Thanks again to Rob for taking the time and money to ship a sample pack across the pond.
November 7, 2008
Companies are taking a lesson from the old adage that sometimes it’s better to give than to receive. Giveaways, often linked to national events that are themselves already in the public conscious, have begun to generate serious buzz within the online sphere. In fact, the mere mention of one of these limited time offers creates noticeable spikes in the amount of times a participating business’ name is searched and that’s before any free transaction even takes place. Add in the increased foot traffic as potential customers flock to stores in the hopes of getting a sample of the featured product or service and the incentive to buy additional items rises as well. An equation that makes a great deal of sense for these companies considering the amount of “free” marketing they’re receiving for such a small initial outlay.
A sample from Tuesday’s election day tie-ins:
On Google Trends, 10 of Google’s top 100 hot search terms are looking for free election swag. Who’s getting all that traffic?
- “Starbucks free coffee” is the 23rd fastest-rising search term of the day and “starbucks election” is 79.
- “Chick Fil A” is number 6 and “chickfila” is number 58 (they’re giving away free chicken sandwiches)
- “Ben and Jerrys” is number 16 (free ice cream)
- “Krispy Kreme locations” is number 25 (free donuts)
- “Shanes Rib Shack” is number 29 (free meal, but only to first 300 customers at “participating stores”)

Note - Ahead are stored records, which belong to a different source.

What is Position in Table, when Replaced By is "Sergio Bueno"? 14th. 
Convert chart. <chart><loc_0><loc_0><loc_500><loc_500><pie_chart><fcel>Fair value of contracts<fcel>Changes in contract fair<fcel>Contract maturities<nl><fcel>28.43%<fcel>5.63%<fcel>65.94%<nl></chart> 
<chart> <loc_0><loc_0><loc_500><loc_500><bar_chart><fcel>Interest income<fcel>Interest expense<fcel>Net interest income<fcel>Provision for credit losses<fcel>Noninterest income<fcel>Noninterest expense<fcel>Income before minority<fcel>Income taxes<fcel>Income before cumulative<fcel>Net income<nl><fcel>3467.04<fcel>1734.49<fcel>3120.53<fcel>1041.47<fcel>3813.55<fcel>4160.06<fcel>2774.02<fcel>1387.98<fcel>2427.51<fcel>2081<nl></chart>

- And generally, “free stuff for voting” is 17, “free stuff on election day” is 51, and “freebies for voting” is 66
[via Silicon Alley Insider]
October 31, 2008
Gawker and Gothamist report that New York City is putting their subway advertising program into overdrive. First off are plans to wrap entire subway cars with ads (as graffiti artists did in the early days of the art form). The next public transport-ad scheme involves placing a series of ads inside subway tunnels that will create a rough animation as the car passes by. Also up for grabs are turnstile arms and pretty much any available surface.
Although you would hope that all this surplus cash would mean a reduction in fare (it will cost advertisers $95k a month to do the tunnel animations), I wouldn’t hold my breath. And let’s stay positive about all this. Don’t think of it as more urban spam, think about all these ads as fodder for legions of Poster Boy style artists.
New York City is once again the recipient of more cutting edge advertising technology. The MTA is testing out digital screens that will display ads on the side of city buses. (Hooray! High tech urban spam!) The interesting angle here though, is that the ads will change as the bus moves through different neighborhoods. GPS technology will register when the bus passes into a new area and serve an appropriate ad. Content will also change based on the time of day - think coffee ads in the morning, beer at night.
October 30, 2008
Nothing ruins an outdoor concert or film screening quite like sitting on the grass for hours, hunched over like a barely opened mollusk shell. But with the GreenSeat, sore backs are now a thing of the past. Made from corrugated cardboard, the chair is a cheap, recyclable way to alleviate long episodes of sitting. At this point, it’s been pitched primarily to eco-friendly audiences, but considering that the chair’s construction offers great potential for advertising placement, we can only hope it will be popping up in venues worldwide. The simple all-in-one design incorporates a seat cover and handle and when not in use, lies completely flat. It’s one of those ideas that are so innovative it begs the question, why didn’t we think of that?